As to the plans for a new tax reform, which would specifically take into account the demands set by the new Companies Act, it is possible that such new reform will not be implemented before 2008.

Transactions

In 2006 private equity investors were active within the Finnish market, but some of the most notable transactions have been carried out by other financial or industrial parties. The largest transaction during 2006 was undoubtedly the Danske Bank’s acquisition of the banking business of Sampo Bank. A deal value of EUR 4.05 billion has been published.

Another notable transaction was when the Finnish state owned Kapiteeli Oyj was sold to Sponda Oyj, which is a Finnish listed real estate company with the largest owner being the Finnish state. The deal value was approximately EUR 950 million.
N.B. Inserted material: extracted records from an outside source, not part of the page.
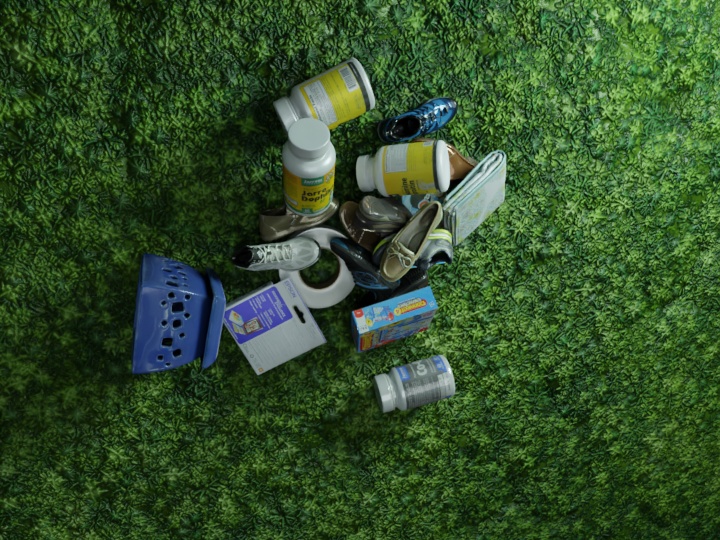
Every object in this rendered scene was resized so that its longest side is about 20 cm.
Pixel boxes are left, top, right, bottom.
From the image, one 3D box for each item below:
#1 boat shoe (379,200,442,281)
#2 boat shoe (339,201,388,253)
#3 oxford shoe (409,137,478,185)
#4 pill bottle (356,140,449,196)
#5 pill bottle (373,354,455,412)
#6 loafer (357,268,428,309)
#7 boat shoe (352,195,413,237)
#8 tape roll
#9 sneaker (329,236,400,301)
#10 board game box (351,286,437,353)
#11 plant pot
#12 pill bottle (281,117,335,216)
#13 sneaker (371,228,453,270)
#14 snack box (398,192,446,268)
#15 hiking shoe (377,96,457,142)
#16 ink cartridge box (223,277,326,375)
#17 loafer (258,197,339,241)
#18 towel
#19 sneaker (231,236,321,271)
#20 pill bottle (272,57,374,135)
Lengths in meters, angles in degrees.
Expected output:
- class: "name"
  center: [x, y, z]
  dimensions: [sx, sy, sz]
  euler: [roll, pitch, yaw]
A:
- class: "boat shoe"
  center: [0.110, -0.065, 1.183]
  dimensions: [0.073, 0.063, 0.201]
  euler: [40, 92, 6]
- class: "boat shoe"
  center: [0.016, -0.088, 1.288]
  dimensions: [0.071, 0.064, 0.200]
  euler: [-46, 116, -3]
- class: "oxford shoe"
  center: [0.198, -0.248, 1.267]
  dimensions: [0.197, 0.071, 0.072]
  euler: [23, 72, -19]
- class: "pill bottle"
  center: [0.095, -0.224, 1.208]
  dimensions: [0.196, 0.112, 0.114]
  euler: [-2, 112, 19]
- class: "pill bottle"
  center: [0.139, 0.301, 1.428]
  dimensions: [0.196, 0.114, 0.116]
  euler: [-13, 111, -9]
- class: "loafer"
  center: [0.089, 0.072, 1.358]
  dimensions: [0.197, 0.073, 0.072]
  euler: [-27, 123, 1]
- class: "boat shoe"
  center: [0.050, -0.118, 1.223]
  dimensions: [0.198, 0.075, 0.073]
  euler: [6, 138, -49]
- class: "tape roll"
  center: [-0.101, -0.009, 1.304]
  dimensions: [0.199, 0.037, 0.207]
  euler: [-4, 109, -12]
- class: "sneaker"
  center: [0.000, 0.000, 1.274]
  dimensions: [0.199, 0.074, 0.082]
  euler: [37, 111, -17]
- class: "board game box"
  center: [0.076, 0.123, 1.313]
  dimensions: [0.193, 0.201, 0.057]
  euler: [-18, 70, -7]
- class: "plant pot"
  center: [-0.398, 0.094, 1.185]
  dimensions: [0.177, 0.200, 0.203]
  euler: [7, 107, -23]
- class: "pill bottle"
  center: [-0.108, -0.214, 1.128]
  dimensions: [0.111, 0.114, 0.201]
  euler: [-8, 151, -11]
- class: "sneaker"
  center: [0.123, -0.040, 1.241]
  dimensions: [0.196, 0.082, 0.074]
  euler: [-11, 142, -4]
- class: "snack box"
  center: [0.154, -0.112, 1.331]
  dimensions: [0.114, 0.037, 0.204]
  euler: [-8, 110, -11]
- class: "hiking shoe"
  center: [0.138, -0.333, 1.224]
  dimensions: [0.197, 0.087, 0.075]
  euler: [-24, 113, -5]
- class: "ink cartridge box"
  center: [-0.210, 0.132, 1.310]
  dimensions: [0.197, 0.044, 0.200]
  euler: [-25, 112, 6]
- class: "loafer"
  center: [-0.143, -0.130, 1.231]
  dimensions: [0.197, 0.076, 0.068]
  euler: [-25, 119, -5]
- class: "towel"
  center: [0.268, -0.166, 1.278]
  dimensions: [0.199, 0.048, 0.172]
  euler: [-42, 153, -11]
- class: "sneaker"
  center: [-0.191, -0.028, 1.198]
  dimensions: [0.197, 0.115, 0.077]
  euler: [-8, 93, 12]
- class: "pill bottle"
  center: [-0.079, -0.356, 1.149]
  dimensions: [0.198, 0.114, 0.116]
  euler: [-27, 113, -3]
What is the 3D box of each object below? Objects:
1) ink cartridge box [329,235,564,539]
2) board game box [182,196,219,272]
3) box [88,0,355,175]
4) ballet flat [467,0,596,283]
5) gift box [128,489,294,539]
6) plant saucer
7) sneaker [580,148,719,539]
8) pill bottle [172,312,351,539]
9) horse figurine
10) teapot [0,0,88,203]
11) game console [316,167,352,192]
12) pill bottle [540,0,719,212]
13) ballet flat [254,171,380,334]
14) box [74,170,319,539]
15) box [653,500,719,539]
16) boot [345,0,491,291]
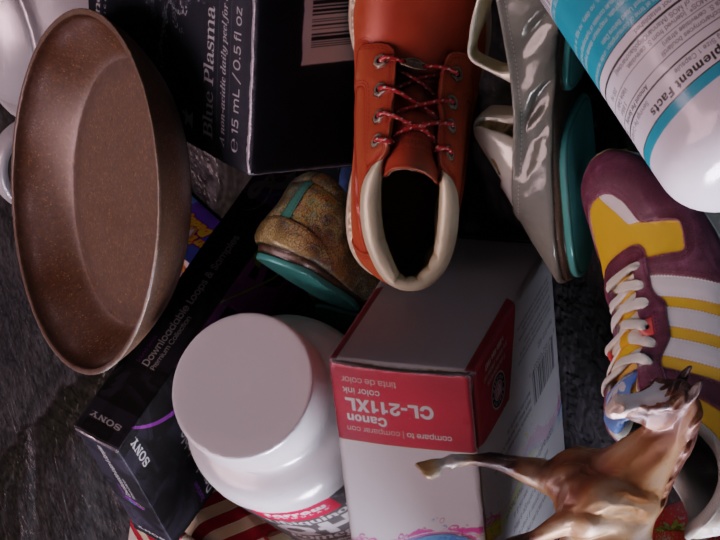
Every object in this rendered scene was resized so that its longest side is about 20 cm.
[{"bbox_3d":[0.052,0.103,1.516,0.083,0.146,0.201,4,119,19],"label":"ink cartridge box"},{"bbox_3d":[-0.098,0.064,1.922,0.134,0.045,0.201,40,142,46],"label":"board game box"},{"bbox_3d":[-0.056,-0.174,1.535,0.200,0.117,0.197,30,122,54],"label":"box"},{"bbox_3d":[0.086,-0.090,1.406,0.063,0.067,0.201,8,119,18],"label":"ballet flat"},{"bbox_3d":[-0.054,0.177,1.754,0.200,0.186,0.185,50,149,33],"label":"gift box"},{"bbox_3d":[-0.139,-0.044,1.546,0.200,0.037,0.201,7,98,61],"label":"plant saucer"},{"bbox_3d":[0.147,0.033,1.353,0.200,0.090,0.075,59,152,18],"label":"sneaker"},{"bbox_3d":[-0.032,0.089,1.569,0.111,0.111,0.200,57,-174,25],"label":"pill bottle"},{"bbox_3d":[0.101,0.145,1.311,0.050,0.132,0.201,-131,29,-65],"label":"horse figurine"},{"bbox_3d":[-0.201,-0.165,1.839,0.200,0.146,0.197,63,154,12],"label":"teapot"},{"bbox_3d":[0.000,-0.089,1.629,0.177,0.031,0.200,50,148,34],"label":"game console"},{"bbox_3d":[0.153,-0.103,1.217,0.200,0.111,0.111,59,153,20],"label":"pill bottle"},{"bbox_3d":[0.000,0.000,1.565,0.071,0.071,0.200,54,-176,29],"label":"ballet flat"},{"bbox_3d":[-0.079,0.048,1.612,0.036,0.200,0.143,29,161,23],"label":"box"},{"bbox_3d":[0.112,0.202,1.423,0.100,0.200,0.096,59,150,18],"label":"box"},{"bbox_3d":[0.030,-0.087,1.421,0.107,0.075,0.201,-94,6,-80],"label":"boot"}]
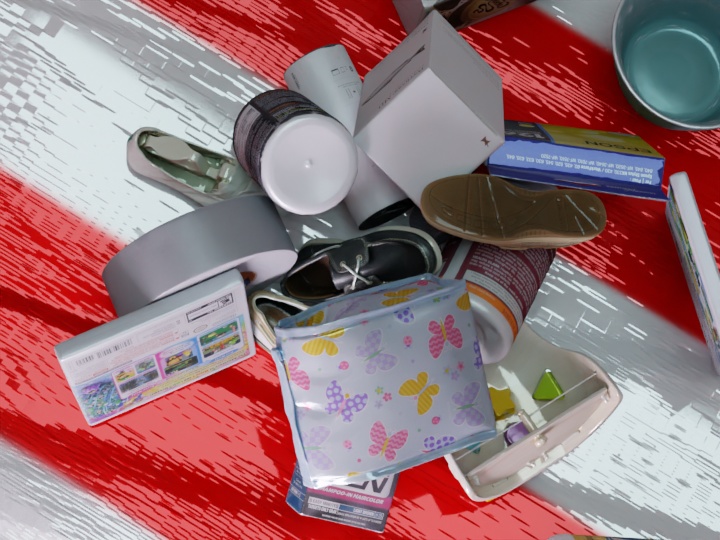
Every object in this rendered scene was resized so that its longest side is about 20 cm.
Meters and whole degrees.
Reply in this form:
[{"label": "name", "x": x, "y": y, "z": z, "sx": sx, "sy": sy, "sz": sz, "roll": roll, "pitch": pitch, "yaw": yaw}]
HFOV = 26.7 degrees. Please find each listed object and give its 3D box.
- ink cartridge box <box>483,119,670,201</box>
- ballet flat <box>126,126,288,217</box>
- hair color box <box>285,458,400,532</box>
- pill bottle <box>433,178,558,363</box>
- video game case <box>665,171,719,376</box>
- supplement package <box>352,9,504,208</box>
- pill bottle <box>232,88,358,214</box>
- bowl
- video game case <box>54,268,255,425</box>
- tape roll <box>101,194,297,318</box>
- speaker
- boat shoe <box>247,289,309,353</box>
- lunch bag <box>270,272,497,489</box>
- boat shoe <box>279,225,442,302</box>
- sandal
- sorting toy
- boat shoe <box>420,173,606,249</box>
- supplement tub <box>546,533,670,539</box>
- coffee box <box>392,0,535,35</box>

The private equity side is always interesting to follow, particularly if the private equity houses have been active in any specific business sectors. In 2006 there were a couple of deals in the health care sector. Funds managed by CapMan acquired the Tamro MedLab business from Tamro Group. Tamro MedLab sells, markets and imports healthcare products, laboratory products, diagnostics and biotechnical products and equipment. The funds managed by Capman have continued to build a Nordic healthcare group by subsequently acquiring two Swedish companies; SelefaTrade AB and Förbandsmaterial AB. In another interesting healthcare deal, Ratos AB purchased the health care section of Perlos Corporation, worth EUR 67 million.

The content of this article is intended to provide a general guide to the subject matter. Specialist advice should be sought about your specific circumstances.